The reason atheists' depictions of faith are my favorite stories—Firefly, Battlestar Galactica, Game Of Thrones; even Davies's Doctor Who, even True Blood—is because, like The Leftovers, they allow us to set aside the most concrete elements of this dumb fight, to say, "Now what. Fine. You got your answer, or not. You got your proof, or not. And now the question becomes, What was the point of all that?" (And meanwhile the shows that aim to meet this fight head on, like Lost, satisfy nobody in the end.)

Into a world where nothing is known for sure, one concrete fact is introduced to believers and doubters alike: Humanity is no longer capable—it's right there in the title—of intervention or redemption by an outside source. No longer an option, if it ever was. Now the characters, both inside and outside the splintered cults of those left behind, are looking for new approaches to achieve the divine in the demonstrable absence of the divine.

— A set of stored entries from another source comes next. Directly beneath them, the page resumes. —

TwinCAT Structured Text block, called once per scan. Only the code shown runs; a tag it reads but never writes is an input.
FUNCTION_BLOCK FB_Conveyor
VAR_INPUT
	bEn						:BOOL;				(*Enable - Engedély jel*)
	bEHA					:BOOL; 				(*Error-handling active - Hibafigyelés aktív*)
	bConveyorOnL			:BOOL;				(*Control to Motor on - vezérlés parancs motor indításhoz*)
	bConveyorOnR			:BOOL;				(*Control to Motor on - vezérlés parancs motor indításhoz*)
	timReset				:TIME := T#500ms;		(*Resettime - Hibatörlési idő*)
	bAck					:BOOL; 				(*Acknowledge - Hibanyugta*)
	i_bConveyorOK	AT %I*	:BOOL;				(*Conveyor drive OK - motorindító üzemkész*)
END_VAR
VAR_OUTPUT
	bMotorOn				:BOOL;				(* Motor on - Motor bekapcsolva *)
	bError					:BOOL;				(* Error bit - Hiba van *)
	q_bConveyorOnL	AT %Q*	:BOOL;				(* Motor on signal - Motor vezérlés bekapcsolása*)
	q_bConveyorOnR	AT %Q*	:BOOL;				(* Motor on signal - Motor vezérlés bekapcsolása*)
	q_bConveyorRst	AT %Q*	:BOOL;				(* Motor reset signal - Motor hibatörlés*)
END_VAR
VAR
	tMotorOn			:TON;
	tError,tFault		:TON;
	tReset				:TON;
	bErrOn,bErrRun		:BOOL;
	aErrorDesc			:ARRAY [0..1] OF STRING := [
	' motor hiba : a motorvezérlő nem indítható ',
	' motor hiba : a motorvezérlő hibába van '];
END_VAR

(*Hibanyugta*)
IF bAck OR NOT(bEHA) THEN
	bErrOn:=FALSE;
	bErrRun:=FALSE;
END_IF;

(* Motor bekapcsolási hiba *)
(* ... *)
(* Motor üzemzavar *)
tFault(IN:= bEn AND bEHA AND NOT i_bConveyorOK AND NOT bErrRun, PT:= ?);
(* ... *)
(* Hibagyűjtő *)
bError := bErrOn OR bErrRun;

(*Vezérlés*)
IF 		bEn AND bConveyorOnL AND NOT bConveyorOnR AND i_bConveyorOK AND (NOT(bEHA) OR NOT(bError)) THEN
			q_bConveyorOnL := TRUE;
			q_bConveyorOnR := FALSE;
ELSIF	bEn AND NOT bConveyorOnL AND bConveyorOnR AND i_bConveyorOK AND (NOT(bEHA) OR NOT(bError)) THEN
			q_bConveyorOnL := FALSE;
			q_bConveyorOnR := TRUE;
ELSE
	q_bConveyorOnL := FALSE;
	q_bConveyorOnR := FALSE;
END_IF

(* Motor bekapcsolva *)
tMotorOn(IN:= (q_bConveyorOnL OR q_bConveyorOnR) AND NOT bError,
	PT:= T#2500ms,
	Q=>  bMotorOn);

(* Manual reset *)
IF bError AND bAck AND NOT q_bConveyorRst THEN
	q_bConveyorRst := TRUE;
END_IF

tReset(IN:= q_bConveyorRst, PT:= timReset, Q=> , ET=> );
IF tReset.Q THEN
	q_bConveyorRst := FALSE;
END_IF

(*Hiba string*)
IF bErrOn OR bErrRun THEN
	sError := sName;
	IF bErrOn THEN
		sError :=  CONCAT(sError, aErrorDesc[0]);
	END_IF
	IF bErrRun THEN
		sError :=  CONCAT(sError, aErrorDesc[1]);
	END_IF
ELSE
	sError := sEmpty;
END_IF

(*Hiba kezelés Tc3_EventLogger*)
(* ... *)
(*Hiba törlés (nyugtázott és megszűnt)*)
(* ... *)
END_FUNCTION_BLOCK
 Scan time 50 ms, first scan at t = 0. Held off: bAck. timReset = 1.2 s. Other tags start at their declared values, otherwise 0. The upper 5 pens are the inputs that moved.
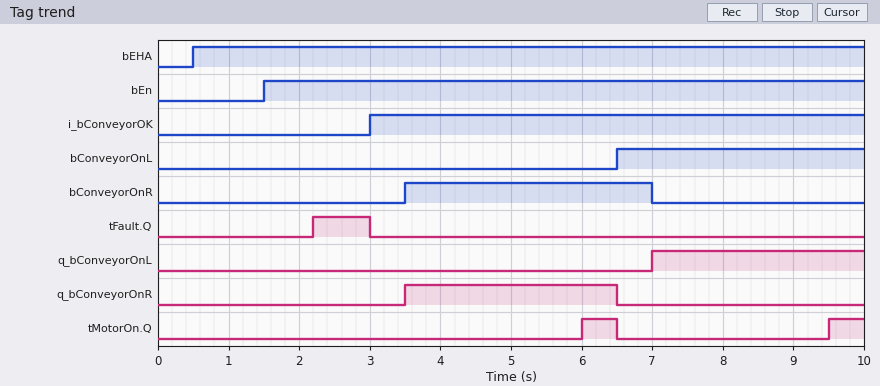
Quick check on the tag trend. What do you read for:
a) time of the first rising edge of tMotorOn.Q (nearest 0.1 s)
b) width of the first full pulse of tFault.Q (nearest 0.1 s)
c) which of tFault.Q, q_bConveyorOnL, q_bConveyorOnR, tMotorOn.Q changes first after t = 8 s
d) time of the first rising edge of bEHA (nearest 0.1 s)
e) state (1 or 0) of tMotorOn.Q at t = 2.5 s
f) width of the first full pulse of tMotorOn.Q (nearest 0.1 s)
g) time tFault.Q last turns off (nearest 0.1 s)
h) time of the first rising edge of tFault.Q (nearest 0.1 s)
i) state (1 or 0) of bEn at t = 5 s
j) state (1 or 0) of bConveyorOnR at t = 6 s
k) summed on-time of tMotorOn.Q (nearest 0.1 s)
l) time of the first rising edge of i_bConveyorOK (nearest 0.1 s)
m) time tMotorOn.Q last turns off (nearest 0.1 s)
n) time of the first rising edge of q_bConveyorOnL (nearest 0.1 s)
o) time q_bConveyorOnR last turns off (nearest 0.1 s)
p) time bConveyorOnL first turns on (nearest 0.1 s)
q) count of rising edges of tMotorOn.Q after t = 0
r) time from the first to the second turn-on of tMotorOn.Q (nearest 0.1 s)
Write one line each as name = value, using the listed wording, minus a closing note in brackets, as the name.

time of the first rising edge of tMotorOn.Q = 6.0 s
width of the first full pulse of tFault.Q = 0.8 s
which of tFault.Q, q_bConveyorOnL, q_bConveyorOnR, tMotorOn.Q changes first after t = 8 s = tMotorOn.Q
time of the first rising edge of bEHA = 0.5 s
state (1 or 0) of tMotorOn.Q at t = 2.5 s = 0
width of the first full pulse of tMotorOn.Q = 0.5 s
time tFault.Q last turns off = 3.0 s
time of the first rising edge of tFault.Q = 2.2 s
state (1 or 0) of bEn at t = 5 s = 1
state (1 or 0) of bConveyorOnR at t = 6 s = 1
summed on-time of tMotorOn.Q = 1.0 s
time of the first rising edge of i_bConveyorOK = 3.0 s
time tMotorOn.Q last turns off = 6.5 s
time of the first rising edge of q_bConveyorOnL = 7.0 s
time q_bConveyorOnR last turns off = 6.5 s
time bConveyorOnL first turns on = 6.5 s
count of rising edges of tMotorOn.Q after t = 0 = 2
time from the first to the second turn-on of tMotorOn.Q = 3.5 s
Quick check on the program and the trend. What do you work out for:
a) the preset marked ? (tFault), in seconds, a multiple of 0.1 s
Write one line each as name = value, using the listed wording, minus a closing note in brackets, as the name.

the preset marked ? (tFault), in seconds, a multiple of 0.1 s = 0.7 s
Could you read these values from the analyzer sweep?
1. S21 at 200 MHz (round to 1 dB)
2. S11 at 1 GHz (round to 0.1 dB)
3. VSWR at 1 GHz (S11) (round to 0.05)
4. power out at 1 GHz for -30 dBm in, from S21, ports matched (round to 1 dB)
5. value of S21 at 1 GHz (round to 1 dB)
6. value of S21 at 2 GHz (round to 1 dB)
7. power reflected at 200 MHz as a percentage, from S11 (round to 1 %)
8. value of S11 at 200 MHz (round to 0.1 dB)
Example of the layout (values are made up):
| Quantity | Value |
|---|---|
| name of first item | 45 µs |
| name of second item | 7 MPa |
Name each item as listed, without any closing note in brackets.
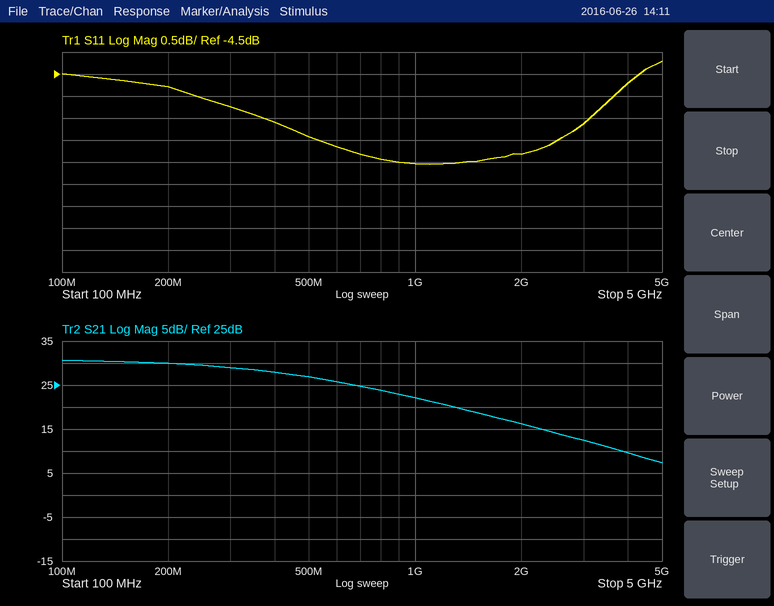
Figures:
| Quantity | Value |
|---|---|
| S21 at 200 MHz | 30 dB |
| S11 at 1 GHz | -6.5 dB |
| VSWR at 1 GHz (S11) | 2.80 |
| power out at 1 GHz for -30 dBm in, from S21, ports matched | -8 dBm |
| value of S21 at 1 GHz | 22 dB |
| value of S21 at 2 GHz | 16 dB |
| power reflected at 200 MHz as a percentage, from S11 | 33 % |
| value of S11 at 200 MHz | -4.8 dB |

But then, that's all we were ever doing.

How The Leftovers Changes the American Conversation on Religion

"To culture war's discontents, myself included, there's something familiar about The Leftovers' postapocalyptic world ... but its version of the apocalypse isn't meant to appeal to true believers. This is an Armageddon for a generation making peace with its doubt."

The Guilty Remnant take their faith to strange and sometimes dark places, it's true; but it's also true that they've repurposed the tools of religion back toward the transformative experiences God was invented to give us in the first place. I don't know what's going on with the magic hugs guy, but I don't think it's anything worthwhile. The devout Laurie and her compatriots stand silently even as the blows and rocks and fists fall, gorgeously hateful; hatefully gorgeous, our freelance priest speaks ill of the disappeared. Meg is engaged with finding God, and peace, in the absence of both. And so on. To me, this is a truer picture of faith in our country, and our world, than almost anything I've ever seen.

How The Leftovers Changes the American Conversation on Religion

"It's particularly apt that The Leftovers premieres now, to an audience in drastic flux. I'm hardly the only religious exile watching the show. The number of Americans who describe themselves as religiously unaffiliated is rising at an unprecedented rate, particularly among young people. These unaffiliated Americans aren't necessarily atheists... But they're also less reliant on the moral certainty that's driven the so-called culture war for the past several decades."

It's easy in this country to look at Christianity, crummy old kicked-around poorly enunciated Christianity, and think that describes the whole of religion. That's a falsehood: It doesn't even properly describe Christianity, much less the religious impulse. When we talk about religion we are talking about Taoism, and Sikhs, and Hindus, and witchcraft, and all the rest of it, the million faces people see when they see God, but we're only thinking about the Big Three (and really only two of those).

How The Leftovers Changes the American Conversation on Religion

William James said something once about how the human impulse toward war will always be with us until we find a "moral equivalent" that channels our aggressions and need for meaning into something else. I would say the same thing of faith.

In the Santa Claus fight of science versus faith the hardline atheist says you can't fix a broken carburetor by singing to it, and therefore music doesn't exist. The fundamentalist says maybe you can, if questioned may become violent; when spurred by promises of financial abundance he will make singing to carburetors a new and central article of his faith, to be defended to the death.

But for the vast majority of Christians, and people of all faiths—even for plenty of atheists—the answer is a lot simpler: You can't fix a car by singing to it, that's what mechanics are for. But music goes on existing, all the same.

And to me—and I think to a lot of us, even if we use different words to describe it; even if it's difficult to talk about and uncomfortable to express—the joy of the supposedly joyless Leftovers lies there: In watching them listen for it. In hoping, just like they do, that one day they'll hear it again.